After positioning two loudspeakers in the cabin interior and measuring the underhood response with eight vibration sensors and six microphones, engineers entered the data in the software. Color maps of results clearly showed the culprit noise source to be an acoustic resonance not identified by previous tests. Indeed, the booming noise was entirely eliminated by a simple adjustment to the prototype vehicle, a relatively inexpensive remedy.
Comfortable and eye-appealing seating
Obviously, car seats are more than purely functional. They also affect a driver’s overall feel for a vehicle and sway consumer perception of brand value. So, automotive manufacturers usually go all-out to include a wide range of seat controls for changing the driver-seat height, cushion angles, back tilt, and body contour.

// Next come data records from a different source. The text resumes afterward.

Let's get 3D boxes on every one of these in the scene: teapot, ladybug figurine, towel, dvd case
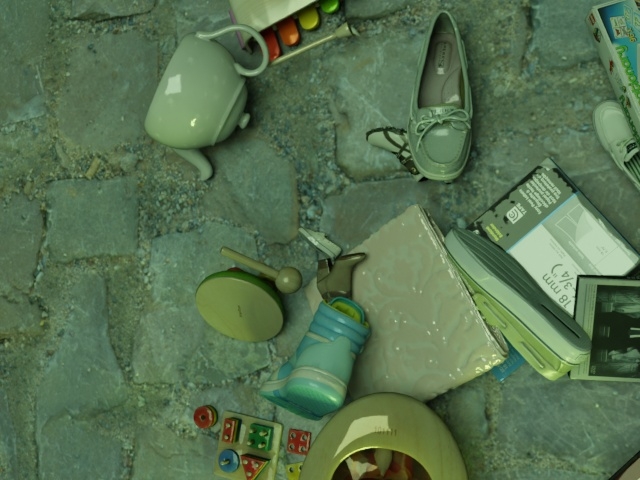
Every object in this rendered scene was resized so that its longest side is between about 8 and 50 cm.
[{"bbox_3d":[-0.228,-0.287,1.797,0.187,0.256,0.252,25,71,-8],"label":"teapot"},{"bbox_3d":[0.108,0.476,1.566,0.305,0.162,0.448,7,97,5],"label":"ladybug figurine"},{"bbox_3d":[0.143,0.144,1.627,0.332,0.053,0.316,-37,71,35],"label":"towel"},{"bbox_3d":[0.533,0.147,1.450,0.239,0.029,0.179,2,105,6],"label":"dvd case"}]

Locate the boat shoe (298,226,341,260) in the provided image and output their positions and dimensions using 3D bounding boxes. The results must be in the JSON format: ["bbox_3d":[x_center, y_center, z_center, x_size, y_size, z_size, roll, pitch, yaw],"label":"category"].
[{"bbox_3d":[0.000,0.000,1.759,0.100,0.035,0.035,36,72,26],"label":"boat shoe"}]

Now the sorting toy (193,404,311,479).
[{"bbox_3d":[-0.143,0.420,1.768,0.275,0.046,0.132,9,88,23],"label":"sorting toy"}]

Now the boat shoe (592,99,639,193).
[{"bbox_3d":[0.543,-0.152,1.515,0.083,0.076,0.226,-37,72,16],"label":"boat shoe"}]

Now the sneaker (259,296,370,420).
[{"bbox_3d":[-0.001,0.216,1.651,0.127,0.319,0.208,29,68,-12],"label":"sneaker"}]

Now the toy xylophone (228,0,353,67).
[{"bbox_3d":[-0.047,-0.475,1.797,0.323,0.081,0.236,-15,80,21],"label":"toy xylophone"}]

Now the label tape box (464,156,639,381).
[{"bbox_3d":[0.358,0.058,1.558,0.334,0.106,0.240,-43,70,14],"label":"label tape box"}]

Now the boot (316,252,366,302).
[{"bbox_3d":[0.043,0.072,1.646,0.119,0.042,0.086,-11,93,39],"label":"boot"}]

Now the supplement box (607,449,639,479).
[{"bbox_3d":[0.577,0.414,1.415,0.194,0.129,0.191,-47,70,12],"label":"supplement box"}]

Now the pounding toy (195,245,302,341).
[{"bbox_3d":[-0.137,0.087,1.758,0.183,0.110,0.236,26,135,-5],"label":"pounding toy"}]

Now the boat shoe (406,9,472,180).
[{"bbox_3d":[0.217,-0.261,1.606,0.118,0.103,0.320,3,67,11],"label":"boat shoe"}]

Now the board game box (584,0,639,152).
[{"bbox_3d":[0.590,-0.274,1.482,0.193,0.053,0.305,-17,77,-4],"label":"board game box"}]

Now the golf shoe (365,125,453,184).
[{"bbox_3d":[0.170,-0.160,1.676,0.198,0.077,0.093,14,91,25],"label":"golf shoe"}]

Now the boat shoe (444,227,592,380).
[{"bbox_3d":[0.305,0.105,1.462,0.302,0.109,0.094,47,122,20],"label":"boat shoe"}]
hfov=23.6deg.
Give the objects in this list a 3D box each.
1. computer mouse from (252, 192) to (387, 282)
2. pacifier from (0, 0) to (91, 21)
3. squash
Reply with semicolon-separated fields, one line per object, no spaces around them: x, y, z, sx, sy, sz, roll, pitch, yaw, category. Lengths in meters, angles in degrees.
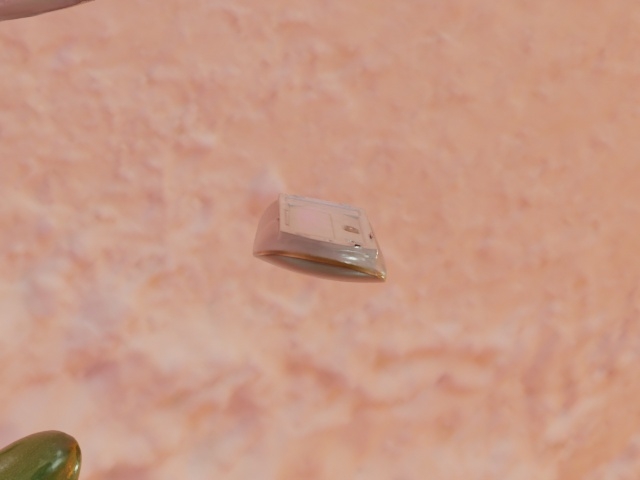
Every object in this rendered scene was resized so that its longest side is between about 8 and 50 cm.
0.000;0.002;1.186;0.199;0.102;0.044;-105;-154;-79;computer mouse
-0.124;-0.180;0.482;0.287;0.238;0.225;-54;145;-46;pacifier
-0.312;0.251;1.263;0.292;0.082;0.082;-32;148;-33;squash
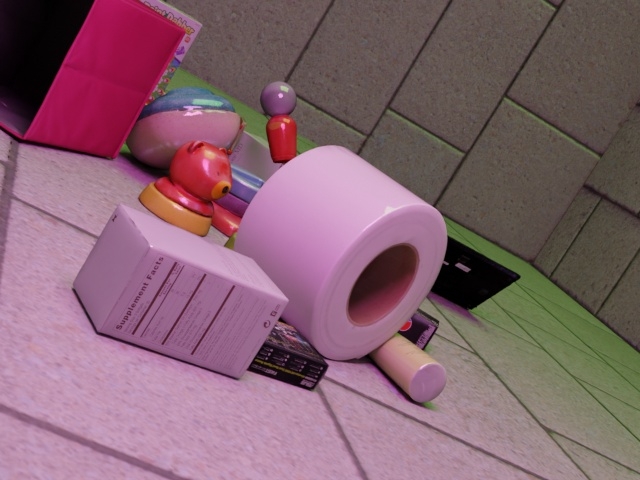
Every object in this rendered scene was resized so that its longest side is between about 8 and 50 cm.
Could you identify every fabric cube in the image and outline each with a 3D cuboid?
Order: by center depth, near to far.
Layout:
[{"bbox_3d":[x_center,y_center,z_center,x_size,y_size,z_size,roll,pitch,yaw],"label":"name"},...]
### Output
[{"bbox_3d":[-0.418,-0.308,1.622,0.254,0.259,0.258,34,10,19],"label":"fabric cube"}]

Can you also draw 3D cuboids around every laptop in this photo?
[{"bbox_3d":[0.274,0.047,2.331,0.234,0.264,0.136,27,47,-23],"label":"laptop"}]

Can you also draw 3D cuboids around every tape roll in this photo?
[{"bbox_3d":[0.028,0.016,1.394,0.169,0.246,0.246,37,11,35],"label":"tape roll"}]

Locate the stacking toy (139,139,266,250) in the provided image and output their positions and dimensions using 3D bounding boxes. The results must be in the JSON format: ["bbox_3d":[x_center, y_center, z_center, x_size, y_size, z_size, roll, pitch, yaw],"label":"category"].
[{"bbox_3d":[-0.106,-0.051,1.667,0.279,0.130,0.309,33,10,13],"label":"stacking toy"}]

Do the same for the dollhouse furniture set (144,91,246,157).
[{"bbox_3d":[-0.292,-0.241,2.043,0.259,0.135,0.262,29,10,-15],"label":"dollhouse furniture set"}]

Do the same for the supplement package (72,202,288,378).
[{"bbox_3d":[-0.145,0.054,1.074,0.179,0.105,0.105,25,12,-36],"label":"supplement package"}]

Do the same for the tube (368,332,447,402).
[{"bbox_3d":[0.091,0.149,1.484,0.240,0.062,0.070,37,-31,56],"label":"tube"}]

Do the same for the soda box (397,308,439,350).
[{"bbox_3d":[0.114,0.116,1.725,0.169,0.053,0.060,33,9,4],"label":"soda box"}]

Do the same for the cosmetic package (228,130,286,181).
[{"bbox_3d":[-0.086,-0.112,2.087,0.231,0.117,0.085,34,9,23],"label":"cosmetic package"}]

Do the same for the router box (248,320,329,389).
[{"bbox_3d":[-0.062,0.121,1.195,0.122,0.038,0.092,25,12,-37],"label":"router box"}]

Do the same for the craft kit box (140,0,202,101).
[{"bbox_3d":[-0.417,-0.419,2.235,0.250,0.246,0.061,21,13,-44],"label":"craft kit box"}]

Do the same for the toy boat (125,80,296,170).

To handle such complex mechanical designs comprising hundreds of contact and friction points, companies typically make use of manual calculations, experience with past designs, and countless build-and-test prototypes. Italian automotive-seating manufacturer Faurecia says motion-analysis software helps it simplify this arduous process and develop workable designs more quickly.
One recent project involved kinematic and load calculations on a seat-height adjuster. It was controlled by the driver or passenger via a pump lever with a low operating torque for easy actuation. Pressing the lever rotates a gear set that moves the seat up and down. A rotating ring with fingers that engage slots on the perimeter of the assembly serves as a clutch to hold the gear in place after adjustment. Inside the ring, a rotating cam moves ball bearings that compress a set of springs, creating a return torque that retracts the pump lever into its original position.
“The design was a trade-off among factors such as the fail-safe capability of the mechanism to stay locked into position during a crash, the pump force needed to actuate the mechanism, and the return torque of the ball-and-spring assembly in the control,” says R&D engineer Tanguy Moro. “In particular, the role of friction between the bearings, cam, ring, and springs was critical in providing sufficient return torque for the lever.”
To check these factors out virtually, engineers created a LMS Virtual.Lab model of the seat-height adjuster in motion-analysis software by importing data from Catia v5. Because the two programs work well together, part geometries, assembly joints, and kinematic constraints transferred directly.
Important for success was the motion-analysis software’s capability to represent nonpermanent contact between parts. This is a critical feature because contact plays an important role in determining friction between many of the moving parts. In this case, the height-adjuster model had 18 contact points between the cam, ring, and bearings, letting seat engineers predict normal and tangential forces on these components, and from that, friction.
The software then executed a series of design-of-experiment simulations on the mechanism model based on boundary conditions and constraints engineers typed-in. A comparison of the results for numerous combinations of parameters, particularly friction coefficients between the various parts, identified the variables with the greatest impact on mechanism performance. Results were mapped on a response-surface plot so engineers could more easily see the influence of different design variables.